Transduction mechanism. Many ion channels are sensitive to changes in pH (Putnam et al. 2004). Although some have been linked to the response of individual CRC candidates, none have been shown to be present exclusively in CRCs, or to be critical for central respiratory chemoreception at the systems level.
Projections to specific respiratory nuclei. In principle, CRCs could target any or all respiratory nuclei. It would be possible to conclude that the respiratory pattern generator was a target of CRCs if hypercapnia consistently changed respiratory rate after the pulmonary stretch receptors were eliminated by vagotomy. However, this is usually not the case. Instead, the existing data are equally consistent with CRCs influencing respiratory output by stimulating either the respiratory pattern generator, premotor neurones, respiratory motor neurones, or all three of these cell groups.

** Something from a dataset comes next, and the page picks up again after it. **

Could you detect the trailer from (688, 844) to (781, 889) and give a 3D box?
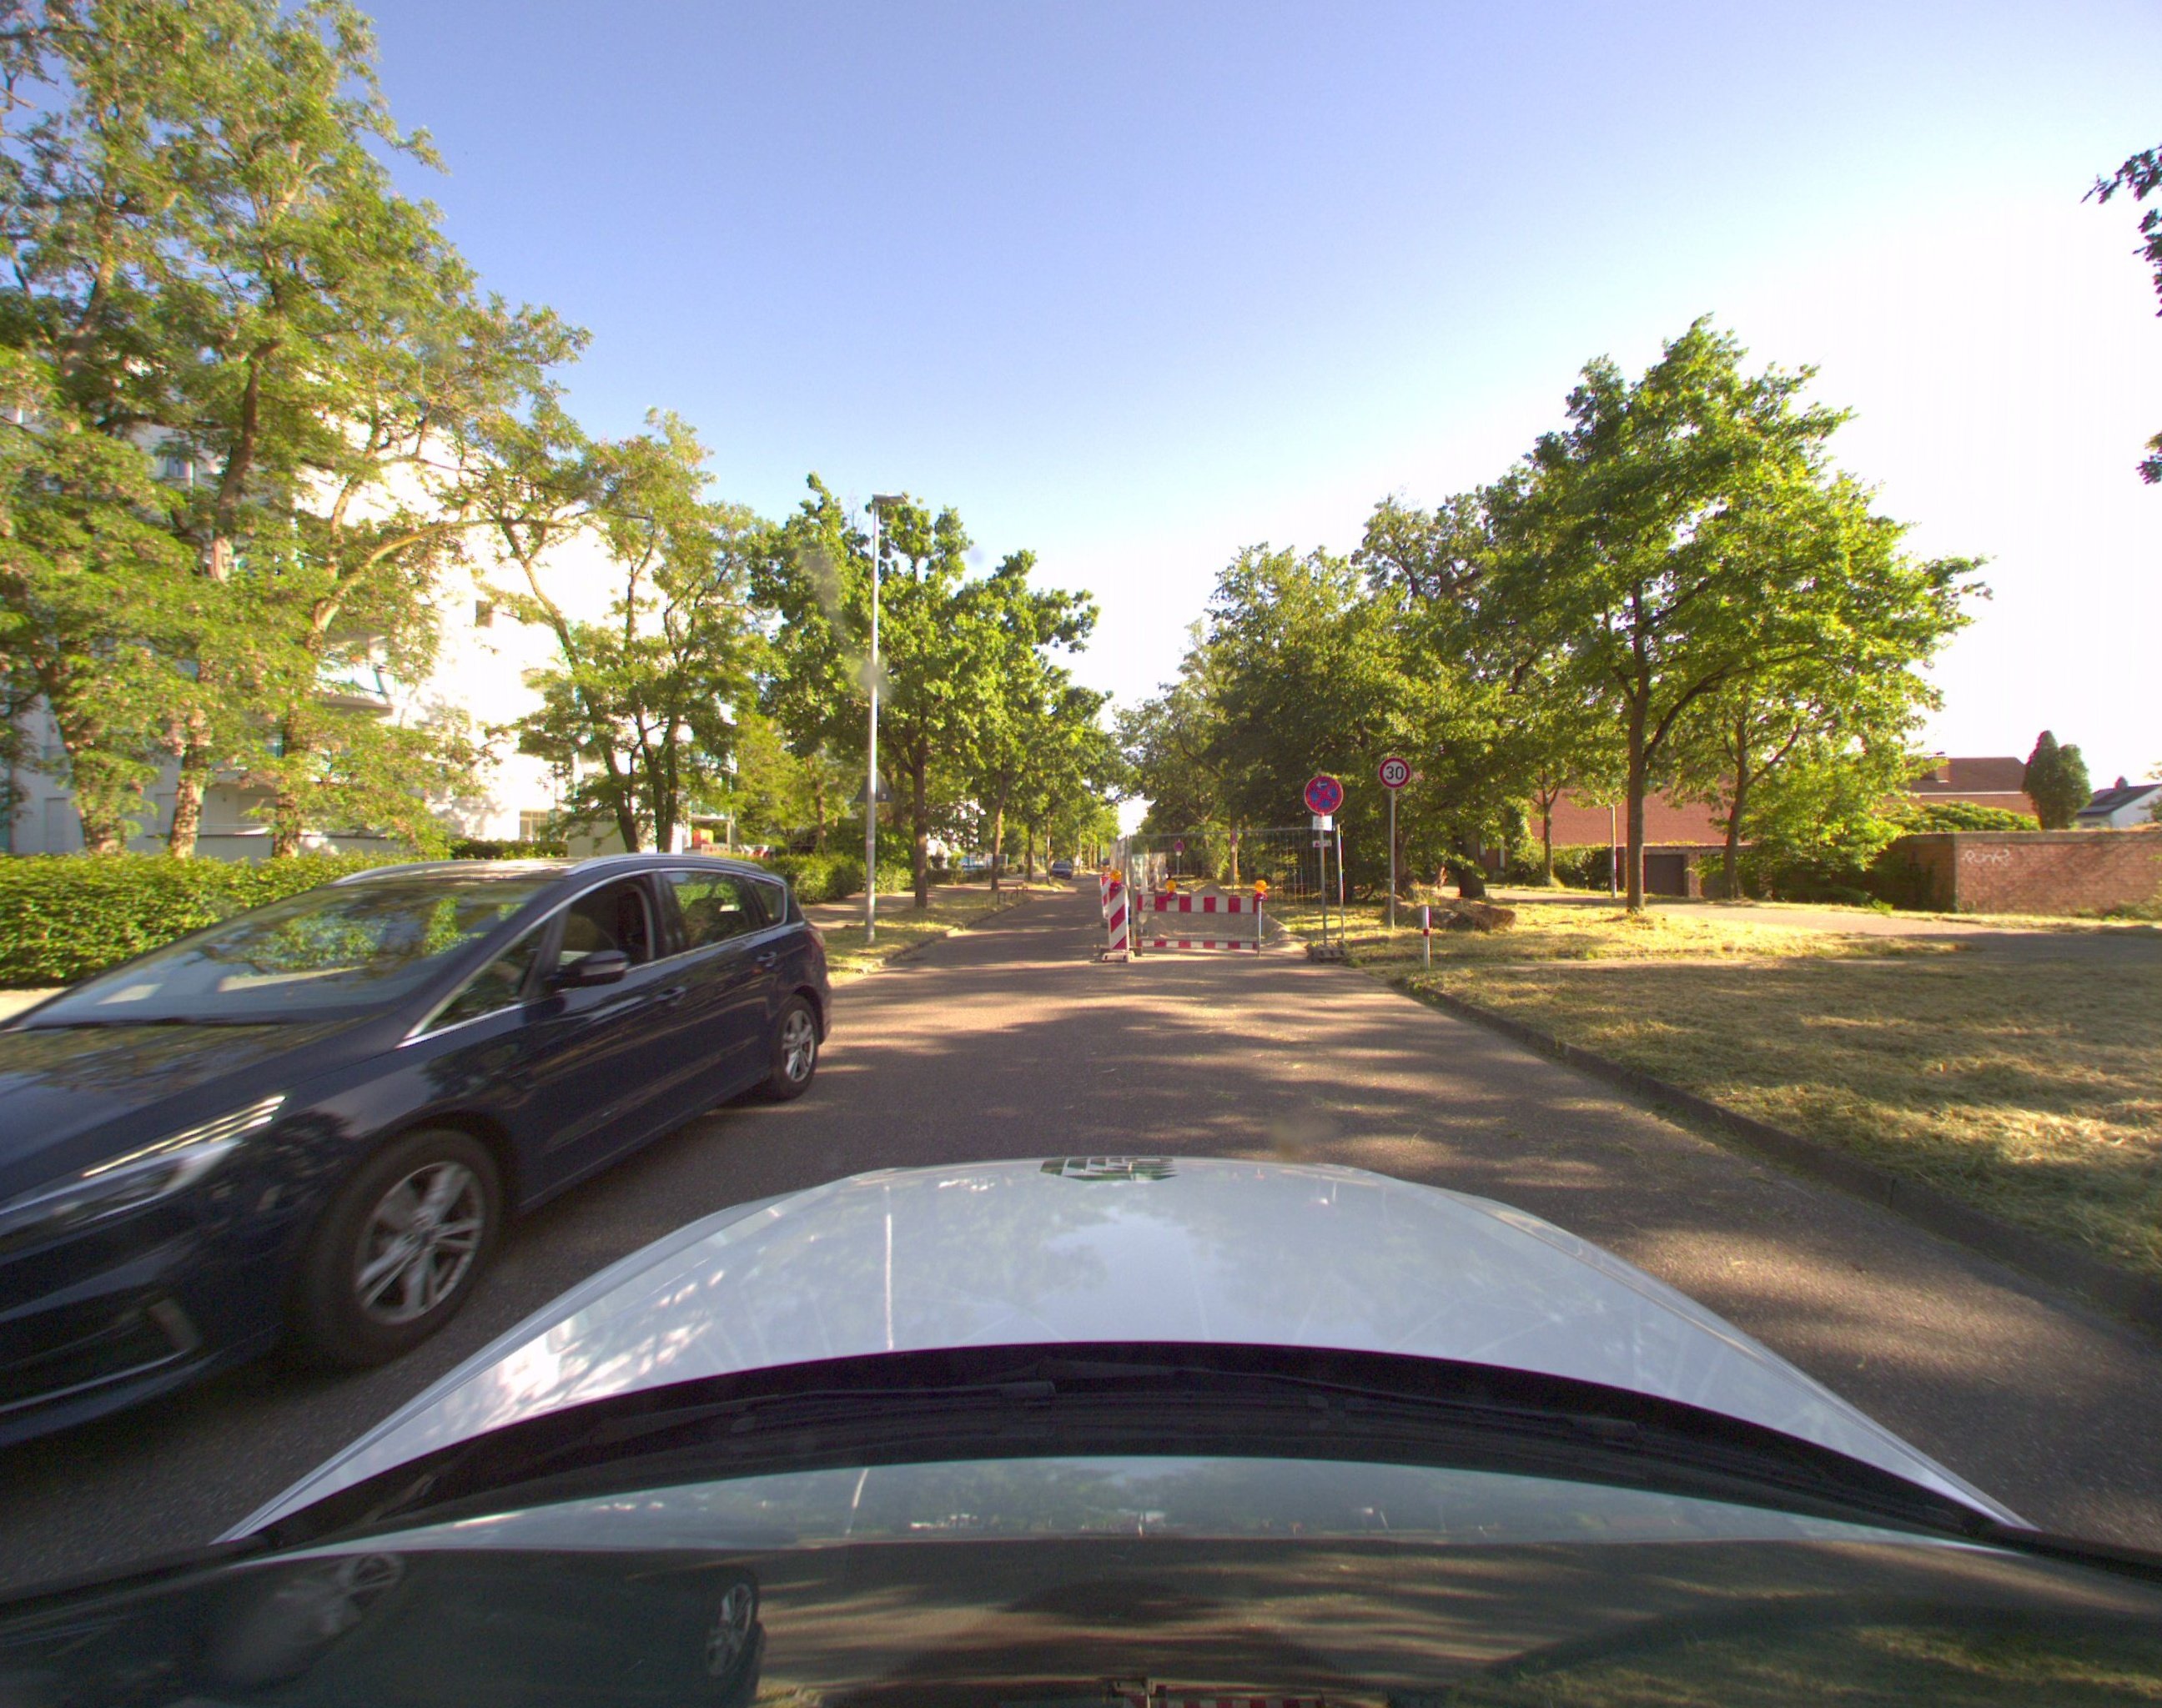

Uniqueness of chemoreceptors to respiratory control. The term ‘central chemoreceptor’ is frequently used to describe neurones that drive respiratory output in response to hypercapnia. However, the term ‘central respiratory chemoreceptor’ has been used in this review because this is a more accurate description of these neurones. The term ‘central chemoreceptor’ should be more correctly used in a broader sense to describe any neurone that responds to changes in CO2 or pH and modulates any brain function, not just breathing. There are many non-respiratory brain functions that are sensitive to hypercapnia. As many of these have a higher threshold for activation (e.g. anxiety), it is likely that central chemoreceptors that induce these non-respiratory effects are activated at higher levels of CO2.

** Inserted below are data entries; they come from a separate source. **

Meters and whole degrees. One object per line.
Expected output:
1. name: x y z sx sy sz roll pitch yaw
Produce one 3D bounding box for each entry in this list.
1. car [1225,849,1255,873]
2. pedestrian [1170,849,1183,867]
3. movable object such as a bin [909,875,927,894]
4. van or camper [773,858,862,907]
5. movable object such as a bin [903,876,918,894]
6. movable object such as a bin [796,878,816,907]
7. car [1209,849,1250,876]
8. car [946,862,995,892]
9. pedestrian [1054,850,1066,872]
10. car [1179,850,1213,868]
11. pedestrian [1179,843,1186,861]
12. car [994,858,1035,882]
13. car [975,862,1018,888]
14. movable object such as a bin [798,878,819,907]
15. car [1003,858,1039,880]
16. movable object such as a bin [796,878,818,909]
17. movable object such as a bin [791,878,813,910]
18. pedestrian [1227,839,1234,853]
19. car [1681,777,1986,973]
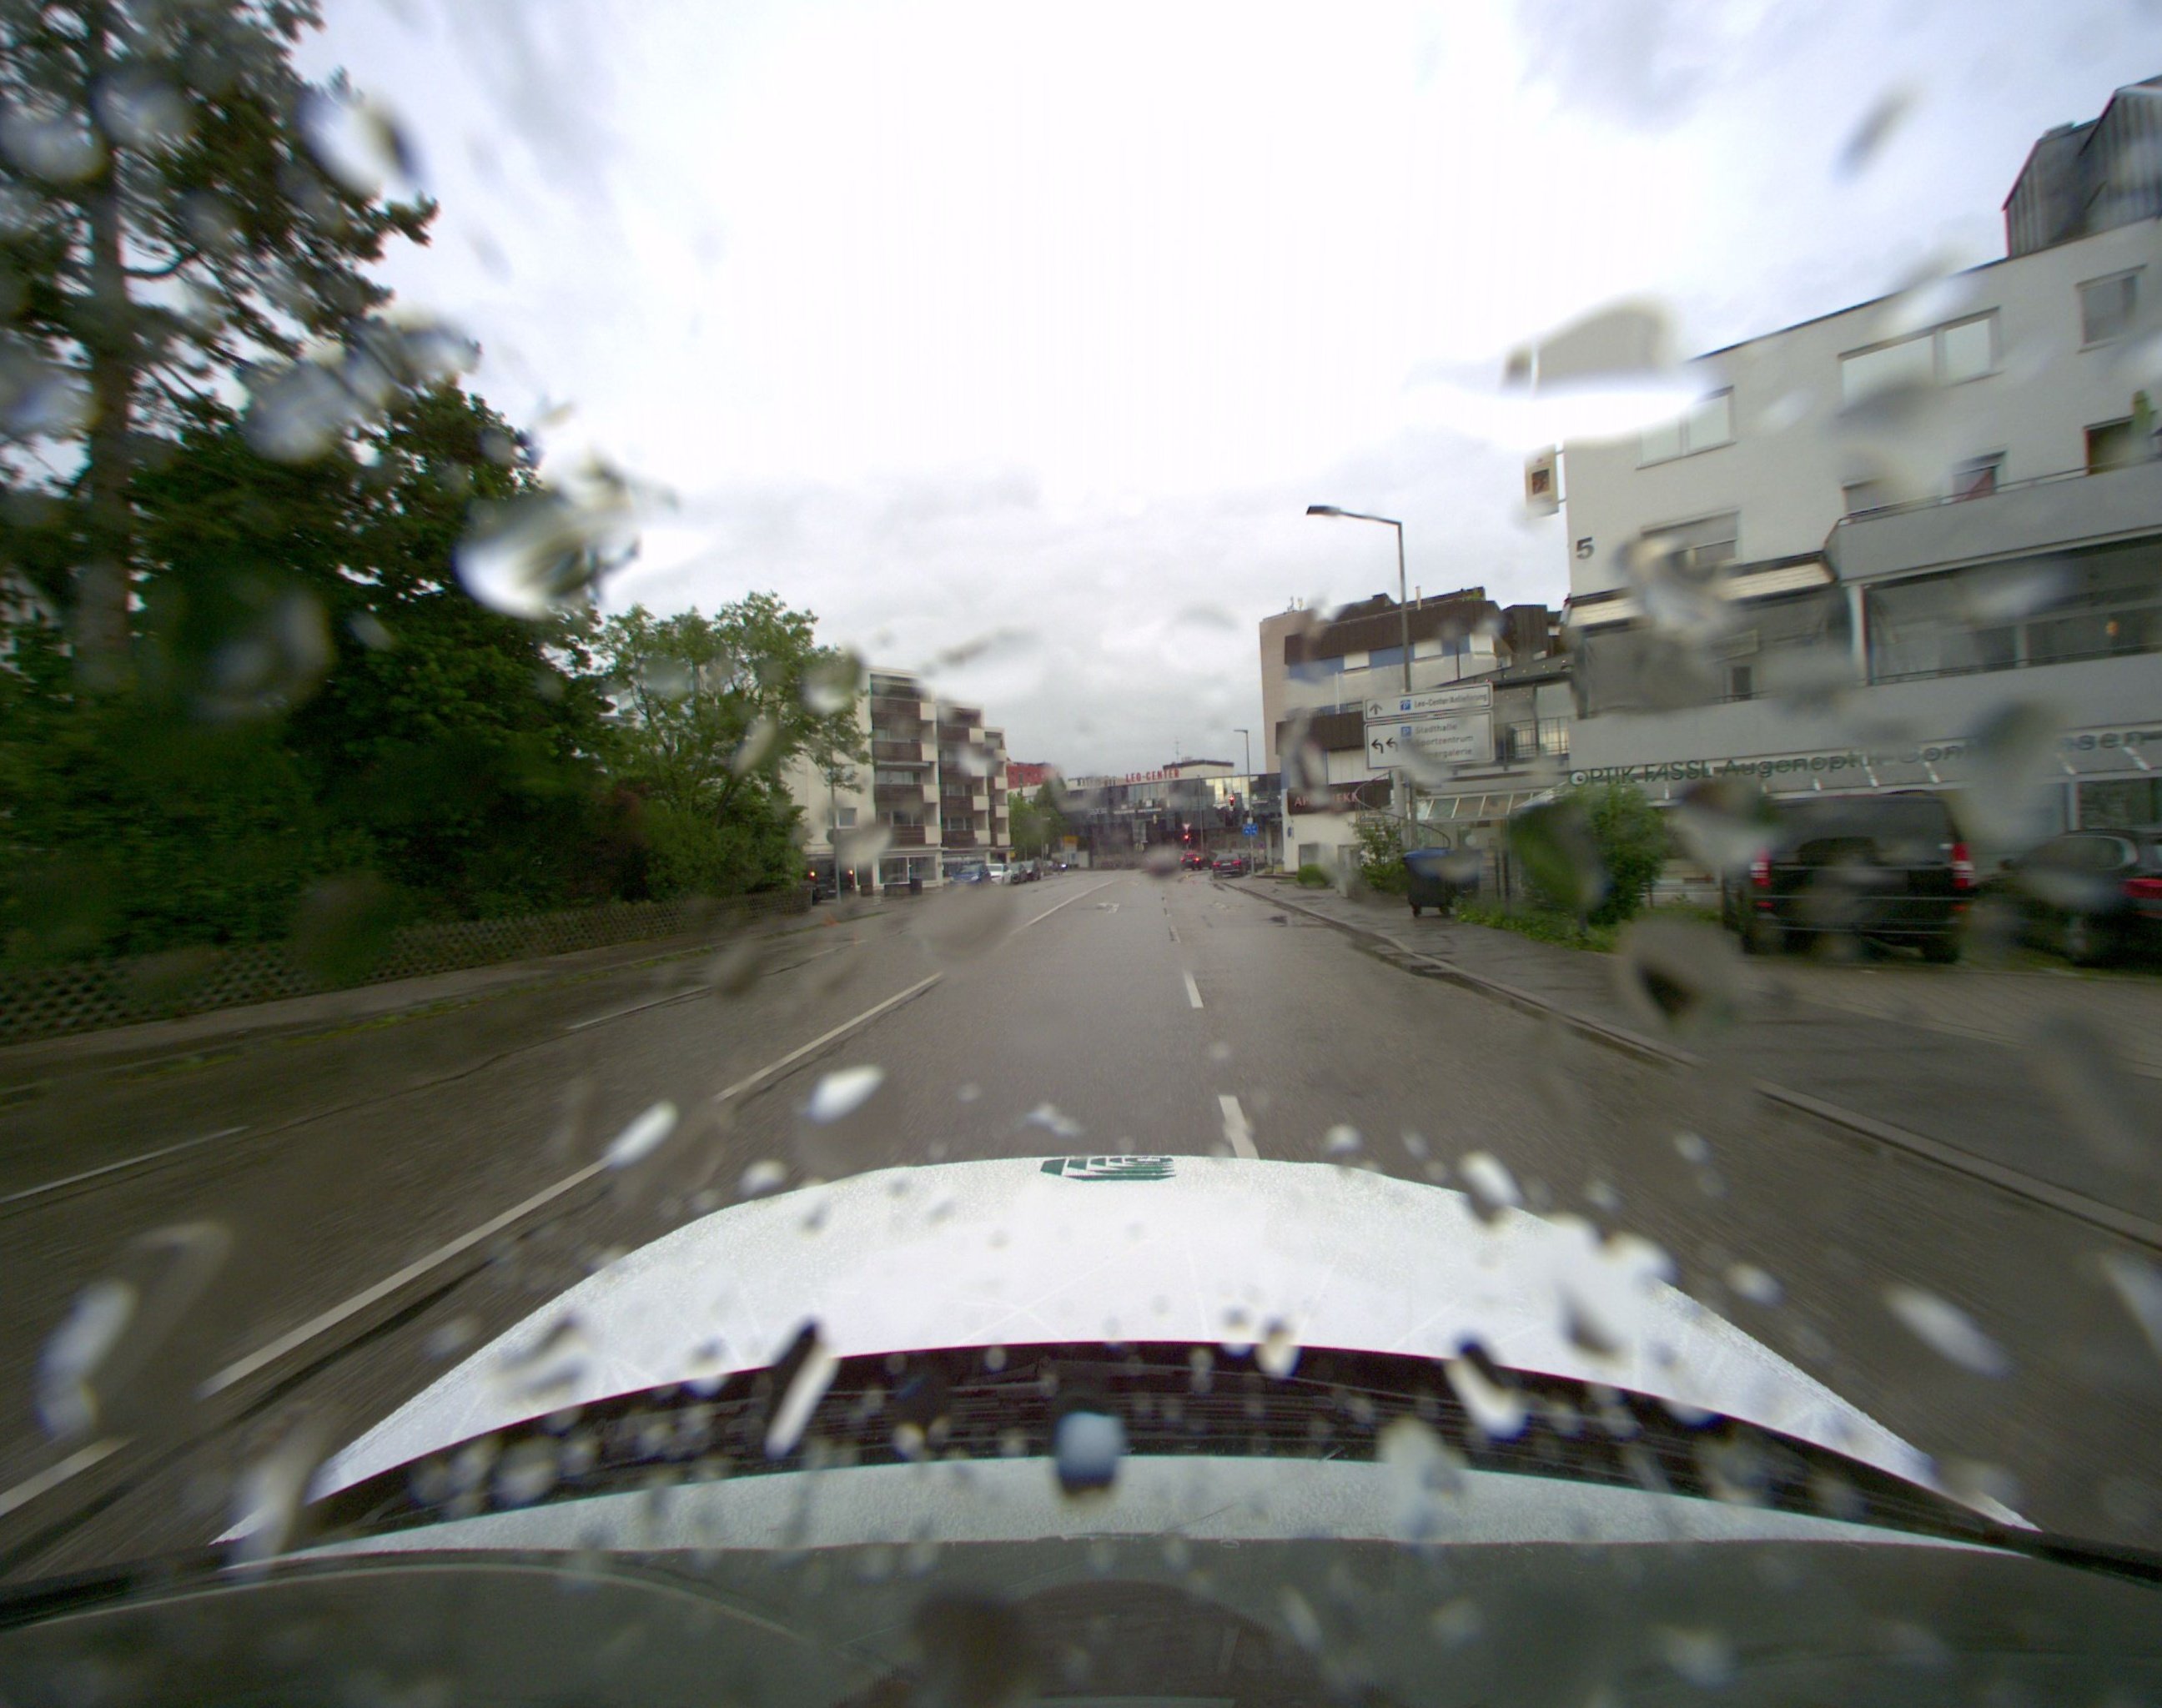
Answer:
1. car: 11.510 0.466 58.827 1.685 1.486 4.016 -6 -1 15
2. pedestrian: 8.899 0.377 75.943 0.912 1.659 0.750 1 1 -21
3. movable object such as a bin: -8.417 1.574 42.081 0.644 0.966 0.684 -3 0 6
4. van or camper: -11.786 1.195 36.210 2.010 1.924 5.158 -4 2 -38
5. movable object such as a bin: -8.956 1.641 42.857 0.571 0.903 0.599 -3 0 6
6. movable object such as a bin: -11.123 1.567 32.900 0.603 1.118 0.595 -3 0 -30
7. car: 9.046 0.542 49.362 1.978 1.534 4.666 -2 -1 16
8. car: -6.220 1.282 46.284 1.643 1.521 4.332 -2 0 6
9. pedestrian: -1.965 0.669 77.833 0.741 2.013 0.927 1 0 27
10. car: 9.727 0.397 68.927 1.788 1.419 4.022 -3 0 23
11. pedestrian: 9.569 -0.211 76.936 0.607 1.659 0.672 1 1 1
12. car: -4.632 1.098 57.495 1.924 1.541 4.529 -2 0 7
13. car: -5.347 1.286 52.140 1.684 1.464 4.693 -2 0 7
14. movable object such as a bin: -10.792 1.519 32.242 0.603 1.118 0.595 -3 0 -30
15. car: -4.584 1.148 62.500 1.924 1.541 4.281 -2 0 7
16. movable object such as a bin: -10.343 1.469 30.741 0.598 1.118 0.600 -3 0 -7
17. movable object such as a bin: -10.305 1.485 30.096 0.598 1.118 0.600 -3 0 -7
18. pedestrian: 21.378 -1.112 116.532 0.781 2.013 0.673 -3 -1 16
19. car: 9.643 0.189 10.958 1.974 2.013 4.810 -3 0 31

Evidence for central respiratory chemoreceptors in the raphé and retrotrapezoid nucleus
Serotonergic neurones of the raphé. The evidence in support of serotonergic neurones being CRCs has recently been reviewed in detail (Richerson, 2004), and is highlighted here.
When neurones of the rat medullary raphé are isolated and grown in tissue culture, the majority of those that are serotonergic (73%) are highly chemosensitive to physiologically relevant changes in pH. Their response is maintained after blocking glutamate and GABA receptors (Wang et al. 2001). Although tissue culture potentially alters the properties of neurones, the same response also occurs in serotonergic neurones of the midline in rat medullary slices, and is maintained in both high-magnesium/low-calcium solution and in the presence of glutamate and GABA receptor antagonists (Richerson, 1995; Wang & Richerson, 1999; Bradley et al. 2002). The intrinsic response of these neurones is extremely high, with a mean increase in firing rate to 300% of control in response to a decrease in extracellular pH from 7.4 to 7.2 (Wang et al. 1998, 2001, 2002). The magnitude of this response appears to be large compared to that of the other CRC candidates (Putnam et al. 2004, 2005). In addition, this intrinsic chemosensitivity does not appear in rat raphé neurones in vitro until they are at least 12 days old (Wang & Richerson, 1999), which is the age at which the ventilatory response to hypercapnia begins to mature in the rat in vivo (Serra et al. 2001; Stunden et al. 2001), consistent with the pH response of raphé neurones contributing to the response in the intact animal.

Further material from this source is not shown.